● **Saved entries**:
⟨

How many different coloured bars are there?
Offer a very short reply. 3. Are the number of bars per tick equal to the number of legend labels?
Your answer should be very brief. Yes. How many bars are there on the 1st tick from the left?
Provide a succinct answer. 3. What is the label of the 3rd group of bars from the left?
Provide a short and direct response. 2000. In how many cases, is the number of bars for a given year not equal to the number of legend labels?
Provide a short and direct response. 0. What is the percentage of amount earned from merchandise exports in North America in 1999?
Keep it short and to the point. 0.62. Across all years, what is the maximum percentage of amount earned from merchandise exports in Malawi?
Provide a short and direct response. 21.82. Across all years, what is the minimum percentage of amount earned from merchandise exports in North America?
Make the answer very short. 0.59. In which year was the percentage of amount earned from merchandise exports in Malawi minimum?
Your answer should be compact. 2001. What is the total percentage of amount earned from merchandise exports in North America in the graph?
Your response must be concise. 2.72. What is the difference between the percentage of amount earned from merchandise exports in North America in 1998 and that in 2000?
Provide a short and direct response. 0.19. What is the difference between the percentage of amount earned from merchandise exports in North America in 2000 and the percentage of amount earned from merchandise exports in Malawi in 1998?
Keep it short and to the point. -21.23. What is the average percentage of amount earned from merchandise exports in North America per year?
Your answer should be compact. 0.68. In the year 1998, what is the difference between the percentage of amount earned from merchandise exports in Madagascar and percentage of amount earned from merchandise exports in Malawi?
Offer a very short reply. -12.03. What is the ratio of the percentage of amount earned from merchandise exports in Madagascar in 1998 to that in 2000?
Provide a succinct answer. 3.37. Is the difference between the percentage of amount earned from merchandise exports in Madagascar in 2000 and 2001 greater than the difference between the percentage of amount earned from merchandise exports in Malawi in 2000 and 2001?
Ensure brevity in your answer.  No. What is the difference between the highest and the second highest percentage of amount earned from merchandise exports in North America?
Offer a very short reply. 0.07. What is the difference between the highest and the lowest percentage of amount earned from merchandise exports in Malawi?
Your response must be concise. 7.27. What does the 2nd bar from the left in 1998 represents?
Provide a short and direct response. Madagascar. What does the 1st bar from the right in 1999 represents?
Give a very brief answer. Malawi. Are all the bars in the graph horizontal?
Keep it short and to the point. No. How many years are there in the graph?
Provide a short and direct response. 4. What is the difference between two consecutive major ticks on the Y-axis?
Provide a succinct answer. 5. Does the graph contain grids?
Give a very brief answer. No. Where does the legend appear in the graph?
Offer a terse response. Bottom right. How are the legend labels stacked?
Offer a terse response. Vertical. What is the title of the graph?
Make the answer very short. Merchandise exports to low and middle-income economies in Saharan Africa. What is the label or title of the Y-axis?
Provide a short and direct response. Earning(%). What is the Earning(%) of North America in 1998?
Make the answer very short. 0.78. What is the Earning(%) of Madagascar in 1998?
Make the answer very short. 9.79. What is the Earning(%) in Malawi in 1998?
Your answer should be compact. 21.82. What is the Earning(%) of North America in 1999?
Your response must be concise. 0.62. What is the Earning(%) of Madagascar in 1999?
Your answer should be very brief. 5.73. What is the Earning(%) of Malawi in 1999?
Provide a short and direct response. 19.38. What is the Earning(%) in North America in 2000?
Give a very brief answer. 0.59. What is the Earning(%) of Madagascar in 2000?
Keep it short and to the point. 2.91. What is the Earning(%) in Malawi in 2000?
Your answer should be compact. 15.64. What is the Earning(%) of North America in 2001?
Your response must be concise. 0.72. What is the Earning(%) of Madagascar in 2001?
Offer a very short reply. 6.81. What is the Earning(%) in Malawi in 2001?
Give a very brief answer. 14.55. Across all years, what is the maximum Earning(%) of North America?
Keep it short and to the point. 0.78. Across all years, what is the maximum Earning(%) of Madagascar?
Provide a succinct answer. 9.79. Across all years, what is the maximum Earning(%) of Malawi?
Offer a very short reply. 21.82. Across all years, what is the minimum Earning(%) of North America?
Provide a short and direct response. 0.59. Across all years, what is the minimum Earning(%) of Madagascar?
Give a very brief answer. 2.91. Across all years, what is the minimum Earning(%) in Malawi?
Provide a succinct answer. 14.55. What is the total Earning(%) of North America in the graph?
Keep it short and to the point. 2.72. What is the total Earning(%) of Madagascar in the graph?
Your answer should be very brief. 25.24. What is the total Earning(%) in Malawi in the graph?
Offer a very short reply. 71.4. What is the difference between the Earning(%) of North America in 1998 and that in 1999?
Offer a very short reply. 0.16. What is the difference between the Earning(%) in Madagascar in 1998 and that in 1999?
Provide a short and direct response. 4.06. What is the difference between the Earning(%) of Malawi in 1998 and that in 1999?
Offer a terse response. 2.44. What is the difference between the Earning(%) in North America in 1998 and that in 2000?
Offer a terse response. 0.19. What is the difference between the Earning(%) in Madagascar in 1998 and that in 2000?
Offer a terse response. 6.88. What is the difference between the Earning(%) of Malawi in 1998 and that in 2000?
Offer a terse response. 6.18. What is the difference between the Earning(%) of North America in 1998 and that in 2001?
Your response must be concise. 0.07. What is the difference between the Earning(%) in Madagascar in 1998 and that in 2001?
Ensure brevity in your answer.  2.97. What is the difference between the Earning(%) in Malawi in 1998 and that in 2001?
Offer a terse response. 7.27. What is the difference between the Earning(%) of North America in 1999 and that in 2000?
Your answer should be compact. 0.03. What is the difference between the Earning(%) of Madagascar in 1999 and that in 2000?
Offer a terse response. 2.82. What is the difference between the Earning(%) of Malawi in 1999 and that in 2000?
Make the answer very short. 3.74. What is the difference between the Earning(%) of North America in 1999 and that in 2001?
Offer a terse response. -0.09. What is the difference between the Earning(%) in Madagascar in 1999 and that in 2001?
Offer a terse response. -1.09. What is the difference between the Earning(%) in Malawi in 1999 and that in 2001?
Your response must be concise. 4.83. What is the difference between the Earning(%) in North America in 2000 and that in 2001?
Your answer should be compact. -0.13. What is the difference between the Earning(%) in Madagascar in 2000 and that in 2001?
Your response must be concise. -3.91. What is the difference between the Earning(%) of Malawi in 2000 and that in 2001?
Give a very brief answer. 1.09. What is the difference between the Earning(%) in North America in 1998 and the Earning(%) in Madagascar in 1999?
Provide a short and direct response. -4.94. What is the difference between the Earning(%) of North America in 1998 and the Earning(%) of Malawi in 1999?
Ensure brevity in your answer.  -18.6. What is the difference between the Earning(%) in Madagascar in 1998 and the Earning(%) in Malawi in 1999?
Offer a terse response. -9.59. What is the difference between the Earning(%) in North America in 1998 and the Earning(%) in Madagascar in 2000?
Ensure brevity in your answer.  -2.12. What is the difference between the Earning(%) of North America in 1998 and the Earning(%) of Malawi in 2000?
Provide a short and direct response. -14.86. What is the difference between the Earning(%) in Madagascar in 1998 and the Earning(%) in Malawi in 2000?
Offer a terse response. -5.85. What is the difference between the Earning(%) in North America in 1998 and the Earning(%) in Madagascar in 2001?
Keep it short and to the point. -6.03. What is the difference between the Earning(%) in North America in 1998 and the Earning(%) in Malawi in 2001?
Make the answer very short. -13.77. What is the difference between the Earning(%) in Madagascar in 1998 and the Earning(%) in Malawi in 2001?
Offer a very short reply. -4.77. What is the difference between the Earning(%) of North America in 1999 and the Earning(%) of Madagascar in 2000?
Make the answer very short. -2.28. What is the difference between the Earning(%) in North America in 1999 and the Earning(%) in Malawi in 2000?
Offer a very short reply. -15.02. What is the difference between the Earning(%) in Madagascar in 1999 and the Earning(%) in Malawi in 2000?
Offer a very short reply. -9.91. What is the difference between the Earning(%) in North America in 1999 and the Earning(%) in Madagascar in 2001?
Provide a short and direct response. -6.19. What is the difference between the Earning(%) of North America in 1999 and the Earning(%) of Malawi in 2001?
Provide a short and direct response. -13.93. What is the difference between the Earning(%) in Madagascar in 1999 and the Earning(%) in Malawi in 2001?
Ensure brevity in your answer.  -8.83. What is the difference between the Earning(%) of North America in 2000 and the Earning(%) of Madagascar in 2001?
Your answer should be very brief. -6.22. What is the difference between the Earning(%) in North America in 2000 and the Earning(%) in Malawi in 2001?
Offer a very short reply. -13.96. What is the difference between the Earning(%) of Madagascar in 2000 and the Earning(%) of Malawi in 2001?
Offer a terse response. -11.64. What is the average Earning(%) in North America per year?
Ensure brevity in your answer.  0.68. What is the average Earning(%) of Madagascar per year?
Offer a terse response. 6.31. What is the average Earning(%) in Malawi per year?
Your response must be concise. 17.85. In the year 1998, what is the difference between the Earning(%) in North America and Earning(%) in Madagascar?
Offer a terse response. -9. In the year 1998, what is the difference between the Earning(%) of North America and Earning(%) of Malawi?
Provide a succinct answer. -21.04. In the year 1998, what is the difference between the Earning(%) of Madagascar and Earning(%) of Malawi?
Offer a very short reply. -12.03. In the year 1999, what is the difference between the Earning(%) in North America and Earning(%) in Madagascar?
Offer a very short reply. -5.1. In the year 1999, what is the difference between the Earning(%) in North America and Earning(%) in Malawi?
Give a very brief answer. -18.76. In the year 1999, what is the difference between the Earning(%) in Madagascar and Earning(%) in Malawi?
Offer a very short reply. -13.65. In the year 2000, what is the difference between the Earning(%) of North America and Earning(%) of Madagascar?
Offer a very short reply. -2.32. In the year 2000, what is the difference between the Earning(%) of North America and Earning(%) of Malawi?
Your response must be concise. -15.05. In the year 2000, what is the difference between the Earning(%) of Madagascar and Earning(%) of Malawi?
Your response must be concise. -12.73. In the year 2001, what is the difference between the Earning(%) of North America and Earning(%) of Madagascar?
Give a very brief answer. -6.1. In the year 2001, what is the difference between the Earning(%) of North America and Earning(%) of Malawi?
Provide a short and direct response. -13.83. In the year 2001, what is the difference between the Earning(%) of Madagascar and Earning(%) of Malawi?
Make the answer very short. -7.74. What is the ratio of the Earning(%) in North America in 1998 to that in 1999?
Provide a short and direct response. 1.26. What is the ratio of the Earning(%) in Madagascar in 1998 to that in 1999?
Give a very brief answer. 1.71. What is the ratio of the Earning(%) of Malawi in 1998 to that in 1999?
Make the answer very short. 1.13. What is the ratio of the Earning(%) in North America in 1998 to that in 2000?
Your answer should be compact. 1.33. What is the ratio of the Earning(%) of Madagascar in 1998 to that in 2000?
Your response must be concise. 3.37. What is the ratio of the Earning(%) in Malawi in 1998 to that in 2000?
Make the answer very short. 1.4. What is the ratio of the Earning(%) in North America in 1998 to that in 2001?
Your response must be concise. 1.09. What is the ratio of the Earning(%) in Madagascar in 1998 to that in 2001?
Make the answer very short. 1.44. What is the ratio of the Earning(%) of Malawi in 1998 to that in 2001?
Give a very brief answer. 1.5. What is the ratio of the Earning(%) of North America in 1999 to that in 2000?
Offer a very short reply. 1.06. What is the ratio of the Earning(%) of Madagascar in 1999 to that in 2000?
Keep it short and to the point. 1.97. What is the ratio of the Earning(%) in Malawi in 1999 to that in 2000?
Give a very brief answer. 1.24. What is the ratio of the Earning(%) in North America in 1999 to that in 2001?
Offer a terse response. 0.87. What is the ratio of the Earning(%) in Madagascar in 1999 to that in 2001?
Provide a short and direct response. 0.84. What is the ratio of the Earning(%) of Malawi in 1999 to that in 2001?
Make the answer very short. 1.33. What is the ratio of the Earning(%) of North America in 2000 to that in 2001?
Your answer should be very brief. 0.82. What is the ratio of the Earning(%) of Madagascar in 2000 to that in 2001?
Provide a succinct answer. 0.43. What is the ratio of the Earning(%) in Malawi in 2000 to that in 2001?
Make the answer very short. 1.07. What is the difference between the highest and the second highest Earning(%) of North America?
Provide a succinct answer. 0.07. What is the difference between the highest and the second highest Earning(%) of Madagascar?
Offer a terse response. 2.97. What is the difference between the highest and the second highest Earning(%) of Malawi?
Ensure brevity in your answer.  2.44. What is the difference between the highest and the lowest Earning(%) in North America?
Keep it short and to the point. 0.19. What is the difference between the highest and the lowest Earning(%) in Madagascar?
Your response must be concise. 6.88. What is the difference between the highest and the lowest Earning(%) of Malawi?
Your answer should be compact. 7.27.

⟩

● **BRIEF**: Scan the data, and report each line that uses the word "many".

● **REPLY**:
How many different coloured bars are there?
Your answer should be very brief. Yes. How many bars are there on the 1st tick from the left?
Provide a short and direct response. 2000. In how many cases, is the number of bars for a given year not equal to the number of legend labels?
Keep it short and to the point. No. How many years are there in the graph?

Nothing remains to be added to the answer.